Attorney General James Fights Trump Administration's Attempt To Bar Asylum-Seekers From U.S.
Attorney General James Fights Trump Administration’s
Attempt to Bar Asylum-Seekers from U.S.
NEW YORK – New York Attorney General Letitia James, as part of a coalition of 21 attorneys general, today fought back against a new Trump Administration rule that will bar tens of thousands of people from asylum if they did not apply in a third country while en route to the United States. In an amicus brief — filed in support of the plaintiffs in Al Otro Lada, et al. v. Wolf — Attorney General James and the coalition argue in support of asylum-seekers who have already been trapped at the border for months due to other unlawful policies of the Administration that Attorney General James and the coalition have also opposed. The coalition urges the court to uphold a preliminary injunction issued by a lower court that already ruled in favor of the asylum-seekers and asserts that the Trump Administration is harming communities across the country by imposing dangerous and arbitrary asylum requirements on people fleeing violence and persecution.
“The Trump Administration’s efforts to repeatedly increase the requirements for asylum-seekers to seek refuge has endangered the lives of tens of thousands of individuals,” said Attorney General James. “Instead of welcoming these immigrants, who risked their lives to come to this country, President Trump and his Administration remain intent on imposing draconian measures that will send these immigrants back to the danger they came here to escape. Our coalition is fighting this policy because the abuse of immigrants should never be used as political fodder to appease the president’s base.”
The lawsuit — brought by nonprofit legal services provider Al Otro Lado — seeks to protect the rights of tens of thousands of individuals who have been unlawfully harmed by the Trump Administration’s arbitrary changes to the asylum process. The case centers on asylum-seekers who sought entry to the United States prior to the Administration’s efforts to implement an interim final rule prohibiting these individuals from seeking asylum unless they applied for and were denied protection in at least one country they transited through prior to arrival. If the Trump Administration is successful in this case, it could result in the denial of or delay of access to the asylum process for at least 26,000 applicants, including parents with infants, unaccompanied minors, and LGBTQ+ individuals whose lives could all be in danger.
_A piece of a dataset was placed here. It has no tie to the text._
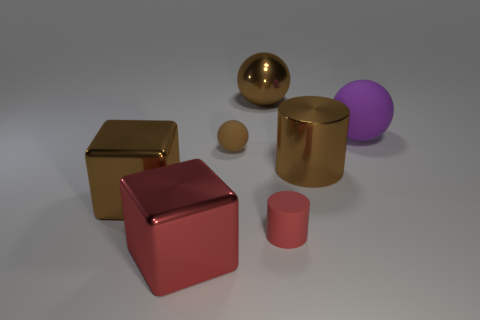How do the textures of the objects compare? The objects present a variety of textures. The gold and bronze items possess a shiny, reflective surface suggesting metal, while the matte appearance of the purple and brown objects implies a more rubber-like material. 
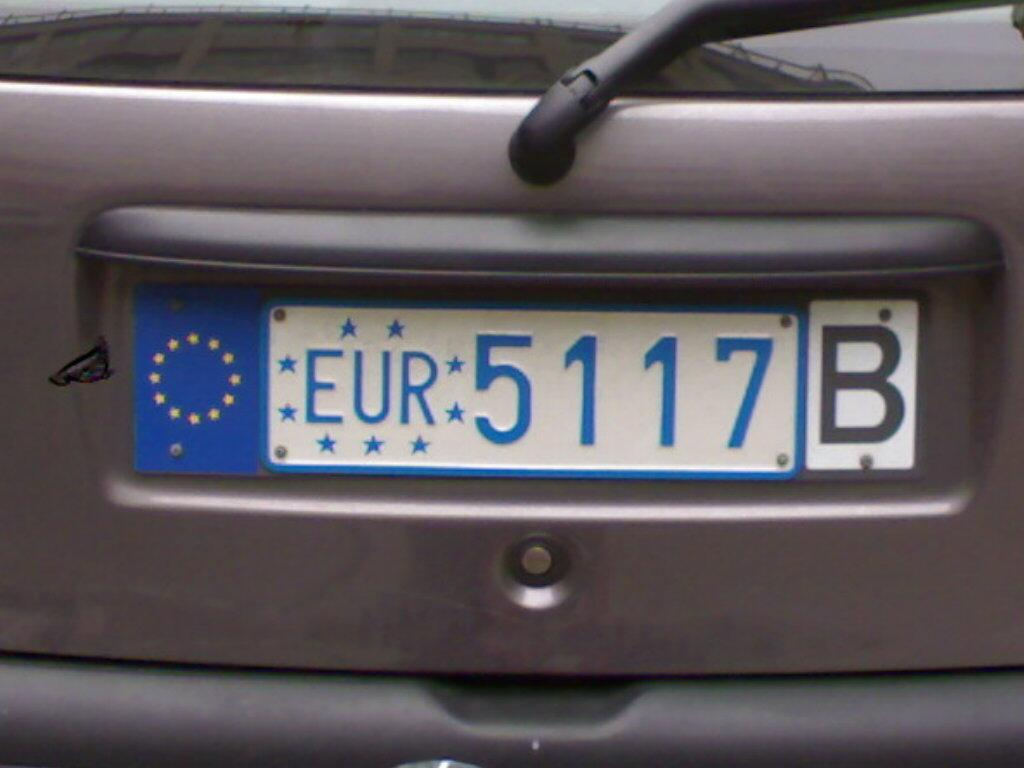What is the main subject of the image? The main subject of the image is a vehicle. Can you describe any specific features of the vehicle? Yes, the vehicle has a number plate. How many hearts can be seen on the vehicle in the image? There are no hearts visible on the vehicle in the image. Are the vehicle's owners, who are sisters, present in the image? There is no information about the vehicle's owners or their relationship in the image.

The asylum-seekers in this case have already been stuck at the U.S. border as a result of the Trump Administration’s unlawful “Turnback Policy.” Under the policy, border officials have used various methods to deny asylum-seekers access to the asylum process, including misrepresentations, threats and intimidation, coercion, verbal and physical abuse, and “metering” — the practice of putting artificial, daily limits on the number of asylum-seekers allowed to cross the border.
In today’s amicus brief, the coalition describes the harms the interim final rule could have on both the states and asylum-seekers. For instance, the coalition points to the lack of access to medical care, drinkable water, and appropriate shelter available to asylum seekers, including current examples of people living under tarps held up only by sticks as temperatures drop below freezing.
The coalition maintains that allowing the rule to go into effect would harm the states by:
- Preventing otherwise-eligible asylum-seekers who could become valuable members of the states’ communities from entering or staying in the country;
- Incentivizing people to dangerously enter the country without inspection, as a direct result of the blocking of critical humanitarian aid; and
- Forcing people to apply for asylum in countries that may be dangerously unequipped to offer adequate protections or services, thereby increasing their eventual need for state-funded services once in the U.S.
Joining Attorney General James in filing today’s amicus brief are the attorneys general of California, Connecticut, Delaware, Hawaii, Illinois, Maine, Maryland, Massachusetts, Michigan, Minnesota, Nevada, New Jersey, New Mexico, Oregon, Pennsylvania, Rhode Island, Vermont, Virginia, Washington, and the District of Columbia.